### WHAT YOU ARE ASKED TO DO
Lines holding the word "worden" are the ones to copy from the data below.

### Collection entries

====

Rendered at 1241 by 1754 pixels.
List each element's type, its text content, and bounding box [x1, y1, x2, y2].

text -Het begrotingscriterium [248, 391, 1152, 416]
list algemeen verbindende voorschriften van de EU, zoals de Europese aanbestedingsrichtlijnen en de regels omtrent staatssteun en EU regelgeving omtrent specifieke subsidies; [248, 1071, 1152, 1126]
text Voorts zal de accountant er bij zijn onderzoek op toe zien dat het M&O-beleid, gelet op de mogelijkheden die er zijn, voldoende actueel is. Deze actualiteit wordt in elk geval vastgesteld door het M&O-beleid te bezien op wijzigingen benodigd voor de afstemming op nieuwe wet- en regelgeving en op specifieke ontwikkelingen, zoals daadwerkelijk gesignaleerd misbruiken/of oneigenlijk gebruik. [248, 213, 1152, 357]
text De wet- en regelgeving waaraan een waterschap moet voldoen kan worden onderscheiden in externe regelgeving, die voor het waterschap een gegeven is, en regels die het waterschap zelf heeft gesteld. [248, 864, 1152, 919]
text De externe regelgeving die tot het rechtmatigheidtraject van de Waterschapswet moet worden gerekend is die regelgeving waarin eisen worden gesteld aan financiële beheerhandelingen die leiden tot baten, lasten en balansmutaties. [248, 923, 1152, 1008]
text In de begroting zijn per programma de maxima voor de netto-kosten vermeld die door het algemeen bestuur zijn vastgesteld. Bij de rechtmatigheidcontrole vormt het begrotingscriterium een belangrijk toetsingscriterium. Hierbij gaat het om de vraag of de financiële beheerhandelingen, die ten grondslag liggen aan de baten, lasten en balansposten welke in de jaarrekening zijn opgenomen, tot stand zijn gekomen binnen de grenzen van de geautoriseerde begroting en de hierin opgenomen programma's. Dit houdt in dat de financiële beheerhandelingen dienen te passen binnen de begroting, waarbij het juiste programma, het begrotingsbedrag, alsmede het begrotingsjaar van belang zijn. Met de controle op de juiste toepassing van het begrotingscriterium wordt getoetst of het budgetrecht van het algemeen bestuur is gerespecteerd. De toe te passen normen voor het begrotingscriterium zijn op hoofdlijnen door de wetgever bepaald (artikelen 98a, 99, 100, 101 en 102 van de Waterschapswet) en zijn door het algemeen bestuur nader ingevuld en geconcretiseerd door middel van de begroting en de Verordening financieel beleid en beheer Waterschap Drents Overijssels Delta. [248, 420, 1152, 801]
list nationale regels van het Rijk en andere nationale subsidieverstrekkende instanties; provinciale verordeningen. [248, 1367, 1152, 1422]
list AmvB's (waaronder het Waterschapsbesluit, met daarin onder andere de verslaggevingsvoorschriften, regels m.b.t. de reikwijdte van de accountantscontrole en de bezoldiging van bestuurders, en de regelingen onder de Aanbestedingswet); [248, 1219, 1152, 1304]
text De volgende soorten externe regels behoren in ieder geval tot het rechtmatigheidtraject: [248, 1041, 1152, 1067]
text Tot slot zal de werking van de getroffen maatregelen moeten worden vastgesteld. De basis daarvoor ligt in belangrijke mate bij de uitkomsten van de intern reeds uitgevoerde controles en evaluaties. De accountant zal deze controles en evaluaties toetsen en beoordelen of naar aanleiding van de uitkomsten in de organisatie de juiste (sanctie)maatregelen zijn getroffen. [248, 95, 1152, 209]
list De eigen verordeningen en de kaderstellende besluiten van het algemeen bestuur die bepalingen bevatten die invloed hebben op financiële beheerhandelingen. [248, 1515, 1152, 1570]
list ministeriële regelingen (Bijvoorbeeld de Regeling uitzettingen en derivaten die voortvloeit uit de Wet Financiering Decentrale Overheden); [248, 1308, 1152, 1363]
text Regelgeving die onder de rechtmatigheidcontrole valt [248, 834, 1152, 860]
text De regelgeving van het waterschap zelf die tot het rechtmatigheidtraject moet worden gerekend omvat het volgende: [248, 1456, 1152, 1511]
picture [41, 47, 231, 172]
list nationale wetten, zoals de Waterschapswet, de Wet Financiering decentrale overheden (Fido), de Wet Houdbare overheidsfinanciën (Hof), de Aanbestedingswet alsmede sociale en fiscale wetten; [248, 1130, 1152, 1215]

====

### OUTPUT
text De wet- en regelgeving waaraan een waterschap moet voldoen kan worden onderscheiden in externe regelgeving, die voor het waterschap een gegeven is, en regels die het waterschap zelf heeft gesteld. [248, 864, 1152, 919]
text De externe regelgeving die tot het rechtmatigheidtraject van de Waterschapswet moet worden gerekend is die regelgeving waarin eisen worden gesteld aan financiële beheerhandelingen die leiden tot baten, lasten en balansmutaties. [248, 923, 1152, 1008]
text Tot slot zal de werking van de getroffen maatregelen moeten worden vastgesteld. De basis daarvoor ligt in belangrijke mate bij de uitkomsten van de intern reeds uitgevoerde controles en evaluaties. De accountant zal deze controles en evaluaties toetsen en beoordelen of naar aanleiding van de uitkomsten in de organisatie de juiste (sanctie)maatregelen zijn getroffen. [248, 95, 1152, 209]
text De regelgeving van het waterschap zelf die tot het rechtmatigheidtraject moet worden gerekend omvat het volgende: [248, 1456, 1152, 1511]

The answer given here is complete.